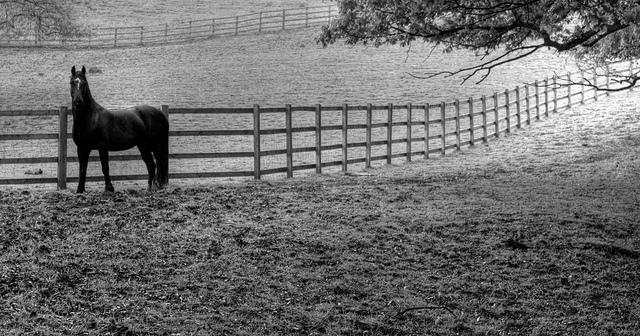What kind of animal is this?
Write a very short answer. Horse. What is the animal looking at?
Give a very brief answer. Camera. What animal is this?
Write a very short answer. Horse. How many horses are there?
Quick response, please. 1. Where is the horse?
Write a very short answer. By fence. 
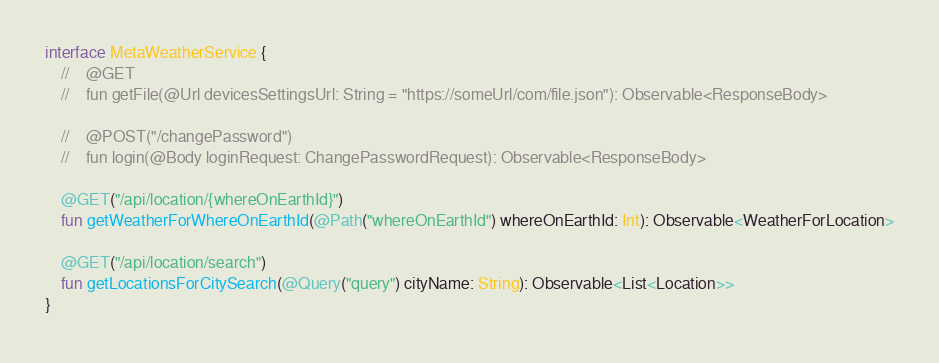<code> <loc_0><loc_0><loc_500><loc_500><_Kotlin_>
interface MetaWeatherService {
    //    @GET
    //    fun getFile(@Url devicesSettingsUrl: String = "https://someUrl/com/file.json"): Observable<ResponseBody>

    //    @POST("/changePassword")
    //    fun login(@Body loginRequest: ChangePasswordRequest): Observable<ResponseBody>

    @GET("/api/location/{whereOnEarthId}")
    fun getWeatherForWhereOnEarthId(@Path("whereOnEarthId") whereOnEarthId: Int): Observable<WeatherForLocation>

    @GET("/api/location/search")
    fun getLocationsForCitySearch(@Query("query") cityName: String): Observable<List<Location>>
}
</code> 
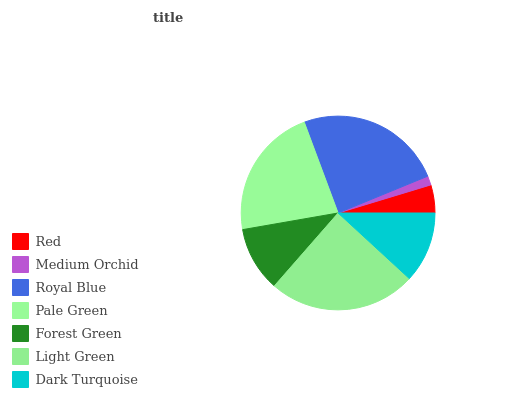Is Medium Orchid the minimum?
Answer yes or no. Yes. Is Light Green the maximum?
Answer yes or no. Yes. Is Royal Blue the minimum?
Answer yes or no. No. Is Royal Blue the maximum?
Answer yes or no. No. Is Royal Blue greater than Medium Orchid?
Answer yes or no. Yes. Is Medium Orchid less than Royal Blue?
Answer yes or no. Yes. Is Medium Orchid greater than Royal Blue?
Answer yes or no. No. Is Royal Blue less than Medium Orchid?
Answer yes or no. No. Is Dark Turquoise the high median?
Answer yes or no. Yes. Is Dark Turquoise the low median?
Answer yes or no. Yes. Is Forest Green the high median?
Answer yes or no. No. Is Light Green the low median?
Answer yes or no. No. 
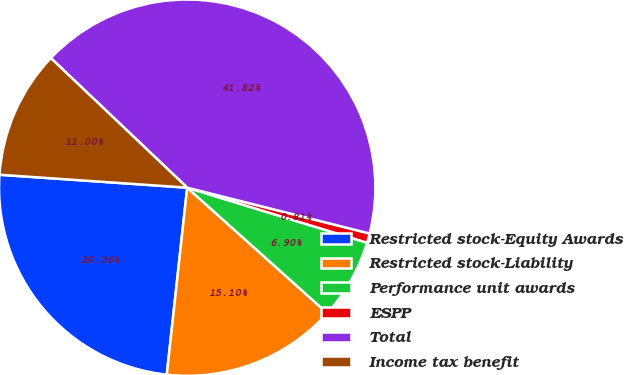Convert chart to OTSL. <chart><loc_0><loc_0><loc_500><loc_500><pie_chart><fcel>Restricted stock-Equity Awards<fcel>Restricted stock-Liability<fcel>Performance unit awards<fcel>ESPP<fcel>Total<fcel>Income tax benefit<nl><fcel>24.36%<fcel>15.1%<fcel>6.9%<fcel>0.81%<fcel>41.82%<fcel>11.0%<nl></chart> 
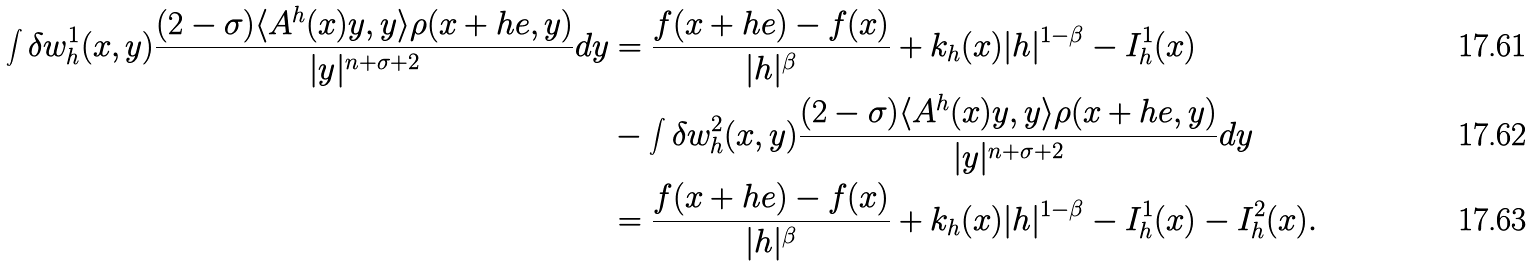Convert formula to latex. <formula><loc_0><loc_0><loc_500><loc_500>\int \delta w ^ { 1 } _ { h } ( x , y ) \frac { ( 2 - \sigma ) \langle A ^ { h } ( x ) y , y \rangle \rho ( x + h e , y ) } { | y | ^ { n + \sigma + 2 } } d y & = \frac { f ( x + h e ) - f ( x ) } { | h | ^ { \beta } } + k _ { h } ( x ) | h | ^ { 1 - \beta } - I ^ { 1 } _ { h } ( x ) \\ & - \int \delta w ^ { 2 } _ { h } ( x , y ) \frac { ( 2 - \sigma ) \langle A ^ { h } ( x ) y , y \rangle \rho ( x + h e , y ) } { | y | ^ { n + \sigma + 2 } } d y \\ & = \frac { f ( x + h e ) - f ( x ) } { | h | ^ { \beta } } + k _ { h } ( x ) | h | ^ { 1 - \beta } - I ^ { 1 } _ { h } ( x ) - I ^ { 2 } _ { h } ( x ) .</formula> 
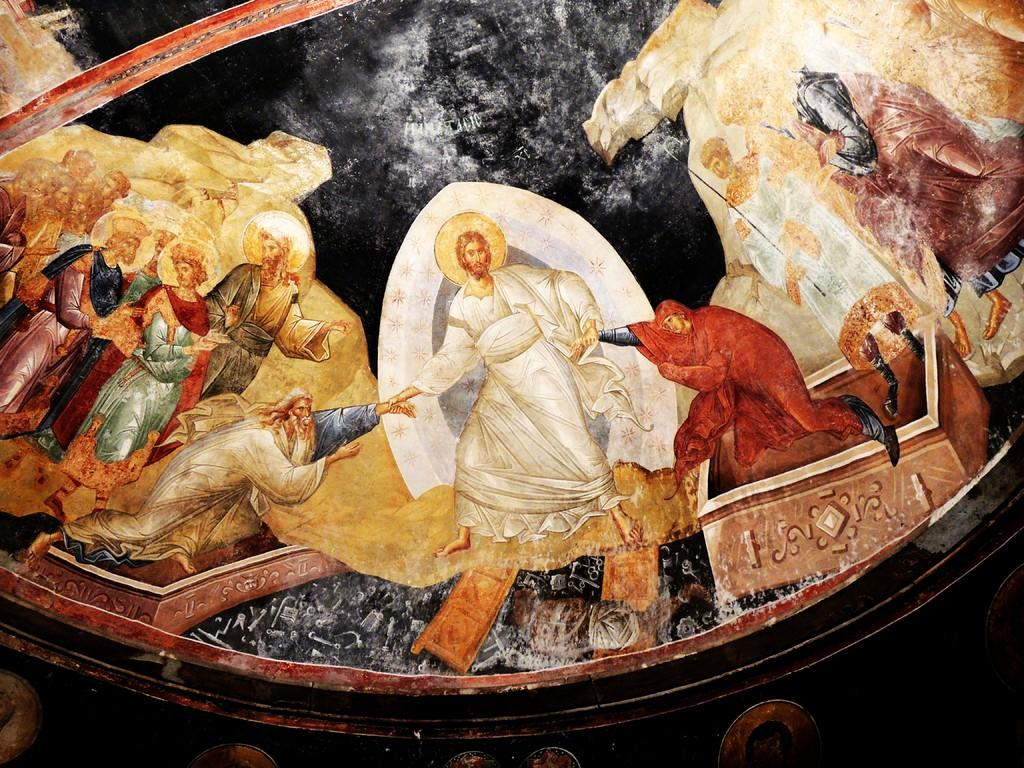What is the main subject of the image? The main subject of the image is a painting. What can be seen in the painting? The painting contains persons and objects. Where is the lunchroom located in the painting? There is no lunchroom present in the painting; it only contains persons and objects. What type of tools does the carpenter use in the painting? There is no carpenter or tools present in the painting; it only contains persons and objects. 
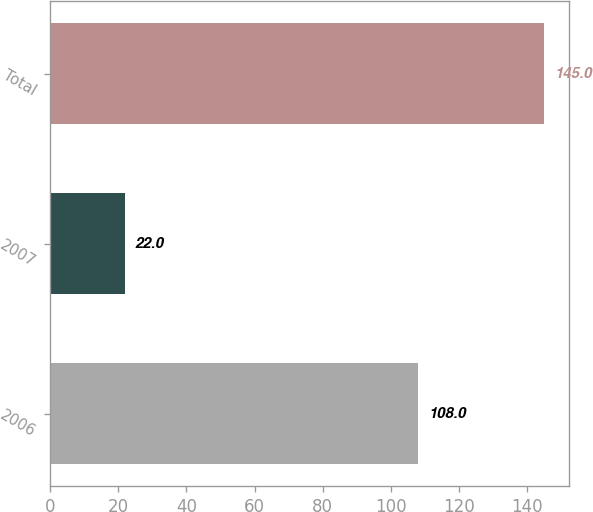Convert chart. <chart><loc_0><loc_0><loc_500><loc_500><bar_chart><fcel>2006<fcel>2007<fcel>Total<nl><fcel>108<fcel>22<fcel>145<nl></chart> 
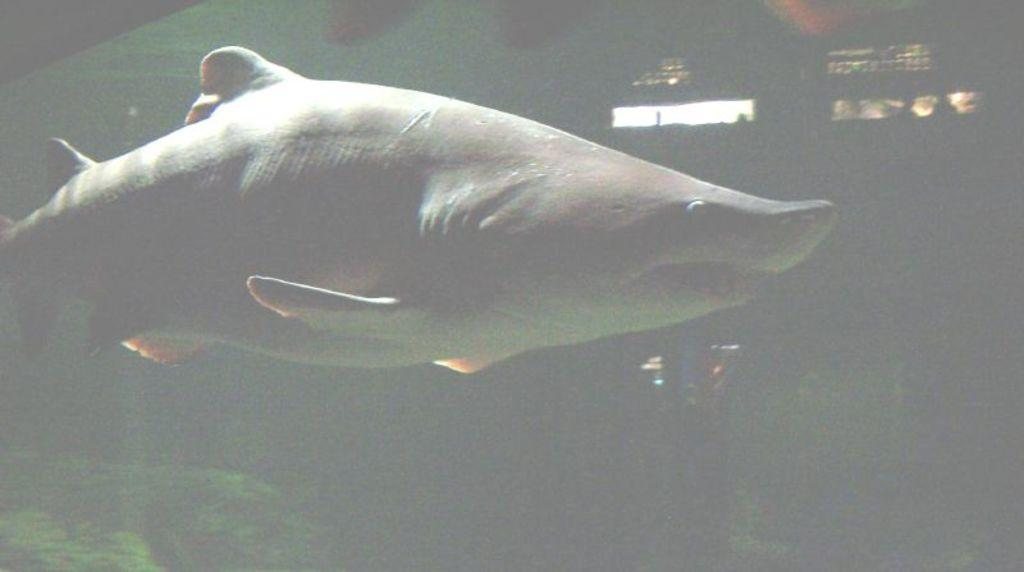What type of animals can be seen in the image? There are fish in the image. What is the color of the background in the image? The background of the image is dark. What expert advice can be seen in the aftermath of the rule change in the image? There is no expert advice or rule change present in the image; it features fish and a dark background. 
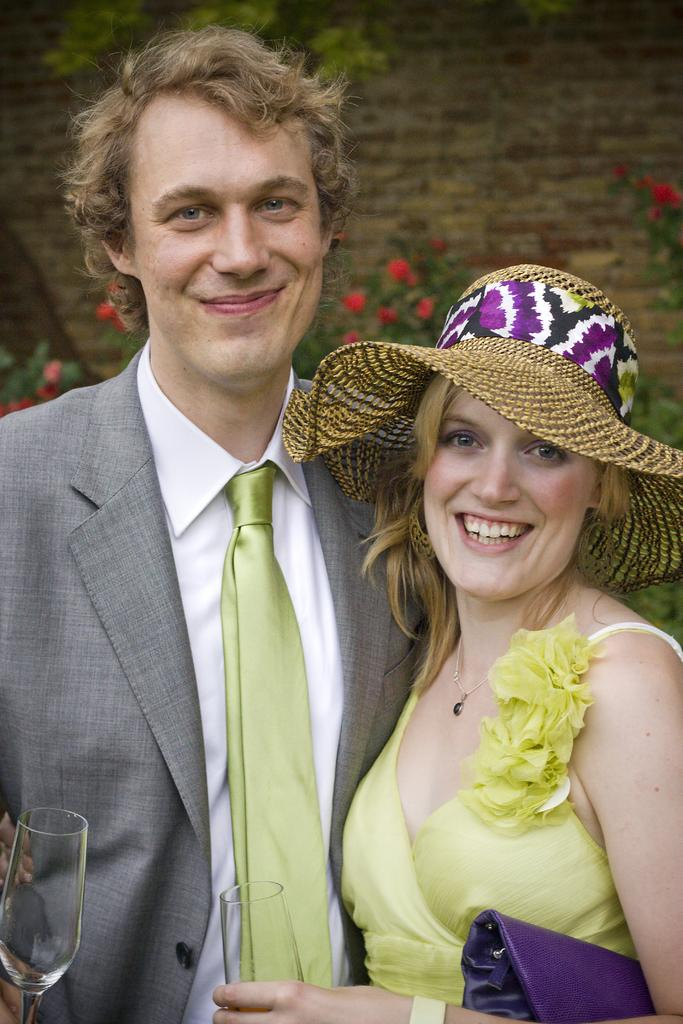How many people are in the image? There are two people in the image, a girl and a boy. What are the girl and boy doing in the image? The girl and boy are standing beside each other. What objects are the girl and boy holding in the image? The girl and boy are holding wine glasses. What is the girl wearing on her head in the image? The girl is wearing a hat. What type of ornament is hanging from the boy's ear in the image? There is no ornament hanging from the boy's ear in the image; he is not wearing any visible earrings or accessories. 
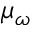Convert formula to latex. <formula><loc_0><loc_0><loc_500><loc_500>\mu _ { \omega }</formula> 
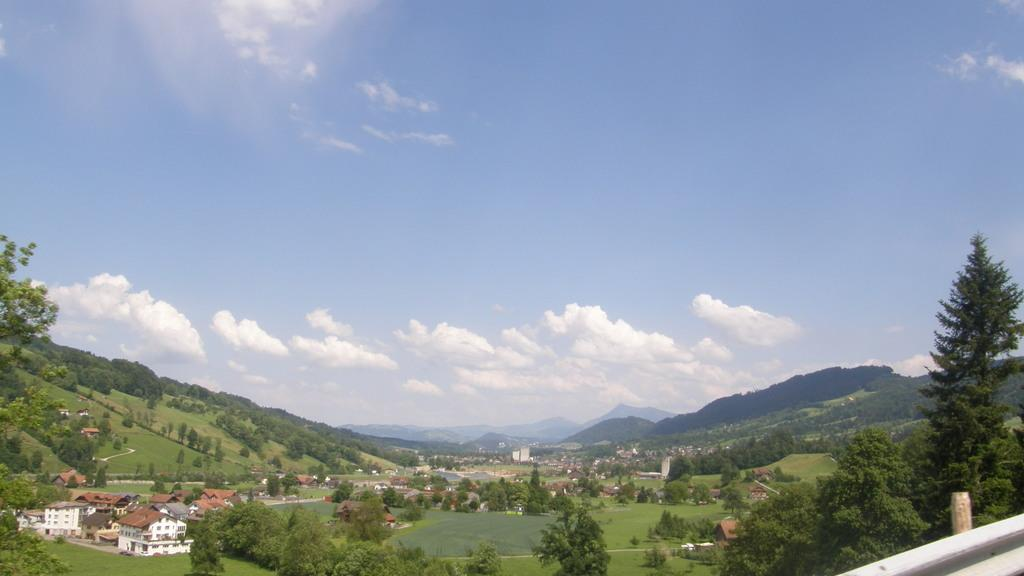What type of vegetation is present in the image? There is grass in the image. What structures can be seen on the left side of the image? There are houses on the left side of the image. What can be seen in the background of the image? There are trees and clouds in the sky in the background of the image. What type of grape is being harvested in the image? There is no grape or harvesting activity present in the image. What day of the week is it in the image? The day of the week cannot be determined from the image. 
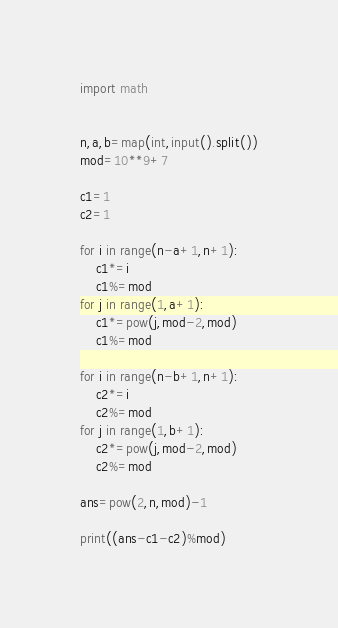Convert code to text. <code><loc_0><loc_0><loc_500><loc_500><_Python_>import math


n,a,b=map(int,input().split())
mod=10**9+7

c1=1
c2=1

for i in range(n-a+1,n+1):
    c1*=i
    c1%=mod
for j in range(1,a+1):
    c1*=pow(j,mod-2,mod)
    c1%=mod
    
for i in range(n-b+1,n+1):
    c2*=i
    c2%=mod
for j in range(1,b+1):
    c2*=pow(j,mod-2,mod)
    c2%=mod

ans=pow(2,n,mod)-1

print((ans-c1-c2)%mod)
</code> 
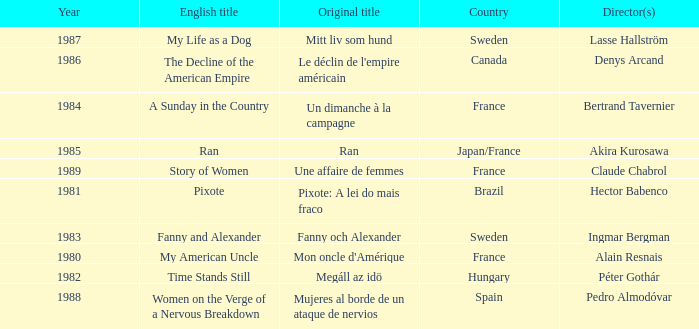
● ● ● ●
#### [Activity]
Copy the full listing above exactly, apart from the pictures.

#### [Response area]
What kind of animal is this?
Write a very short answer. Horse. What is the animal looking at?
Give a very brief answer. Camera. What animal is this?
Write a very short answer. Horse. How many horses are there?
Quick response, please. 1. Where is the horse?
Write a very short answer. By fence. 
<code> <loc_0><loc_0><loc_500><loc_500><_Kotlin_>
interface MetaWeatherService {
    //    @GET
    //    fun getFile(@Url devicesSettingsUrl: String = "https://someUrl/com/file.json"): Observable<ResponseBody>

    //    @POST("/changePassword")
    //    fun login(@Body loginRequest: ChangePasswordRequest): Observable<ResponseBody>

    @GET("/api/location/{whereOnEarthId}")
    fun getWeatherForWhereOnEarthId(@Path("whereOnEarthId") whereOnEarthId: Int): Observable<WeatherForLocation>

    @GET("/api/location/search")
    fun getLocationsForCitySearch(@Query("query") cityName: String): Observable<List<Location>>
}
</code> 
Is Medium Orchid the minimum?
Answer yes or no. Yes. Is Light Green the maximum?
Answer yes or no. Yes. Is Royal Blue the minimum?
Answer yes or no. No. Is Royal Blue the maximum?
Answer yes or no. No. Is Royal Blue greater than Medium Orchid?
Answer yes or no. Yes. Is Medium Orchid less than Royal Blue?
Answer yes or no. Yes. Is Medium Orchid greater than Royal Blue?
Answer yes or no. No. Is Royal Blue less than Medium Orchid?
Answer yes or no. No. Is Dark Turquoise the high median?
Answer yes or no. Yes. Is Dark Turquoise the low median?
Answer yes or no. Yes. Is Forest Green the high median?
Answer yes or no. No. Is Light Green the low median?
Answer yes or no. No. 
Convert chart to OTSL. <chart><loc_0><loc_0><loc_500><loc_500><pie_chart><fcel>Restricted stock-Equity Awards<fcel>Restricted stock-Liability<fcel>Performance unit awards<fcel>ESPP<fcel>Total<fcel>Income tax benefit<nl><fcel>24.36%<fcel>15.1%<fcel>6.9%<fcel>0.81%<fcel>41.82%<fcel>11.0%<nl></chart> 
Convert formula to latex. <formula><loc_0><loc_0><loc_500><loc_500>\int \delta w ^ { 1 } _ { h } ( x , y ) \frac { ( 2 - \sigma ) \langle A ^ { h } ( x ) y , y \rangle \rho ( x + h e , y ) } { | y | ^ { n + \sigma + 2 } } d y & = \frac { f ( x + h e ) - f ( x ) } { | h | ^ { \beta } } + k _ { h } ( x ) | h | ^ { 1 - \beta } - I ^ { 1 } _ { h } ( x ) \\ & - \int \delta w ^ { 2 } _ { h } ( x , y ) \frac { ( 2 - \sigma ) \langle A ^ { h } ( x ) y , y \rangle \rho ( x + h e , y ) } { | y | ^ { n + \sigma + 2 } } d y \\ & = \frac { f ( x + h e ) - f ( x ) } { | h | ^ { \beta } } + k _ { h } ( x ) | h | ^ { 1 - \beta } - I ^ { 1 } _ { h } ( x ) - I ^ { 2 } _ { h } ( x ) .</formula> 
What is the main subject of the image? The main subject of the image is a painting. What can be seen in the painting? The painting contains persons and objects. Where is the lunchroom located in the painting? There is no lunchroom present in the painting; it only contains persons and objects. What type of tools does the carpenter use in the painting? There is no carpenter or tools present in the painting; it only contains persons and objects. 
Convert chart. <chart><loc_0><loc_0><loc_500><loc_500><bar_chart><fcel>2006<fcel>2007<fcel>Total<nl><fcel>108<fcel>22<fcel>145<nl></chart> 
What type of animals can be seen in the image? There are fish in the image. What is the color of the background in the image? The background of the image is dark. What expert advice can be seen in the aftermath of the rule change in the image? There is no expert advice or rule change present in the image; it features fish and a dark background. 
How many people are in the image? There are two people in the image, a girl and a boy. What are the girl and boy doing in the image? The girl and boy are standing beside each other. What objects are the girl and boy holding in the image? The girl and boy are holding wine glasses. What is the girl wearing on her head in the image? The girl is wearing a hat. What type of ornament is hanging from the boy's ear in the image? There is no ornament hanging from the boy's ear in the image; he is not wearing any visible earrings or accessories. 
Convert formula to latex. <formula><loc_0><loc_0><loc_500><loc_500>\mu _ { \omega }</formula> 
What type of vegetation is present in the image? There is grass in the image. What structures can be seen on the left side of the image? There are houses on the left side of the image. What can be seen in the background of the image? There are trees and clouds in the sky in the background of the image. What type of grape is being harvested in the image? There is no grape or harvesting activity present in the image. What day of the week is it in the image? The day of the week cannot be determined from the image. 
Convert code to text. <code><loc_0><loc_0><loc_500><loc_500><_Python_>import math


n,a,b=map(int,input().split())
mod=10**9+7

c1=1
c2=1

for i in range(n-a+1,n+1):
    c1*=i
    c1%=mod
for j in range(1,a+1):
    c1*=pow(j,mod-2,mod)
    c1%=mod
    
for i in range(n-b+1,n+1):
    c2*=i
    c2%=mod
for j in range(1,b+1):
    c2*=pow(j,mod-2,mod)
    c2%=mod

ans=pow(2,n,mod)-1

print((ans-c1-c2)%mod)
</code> 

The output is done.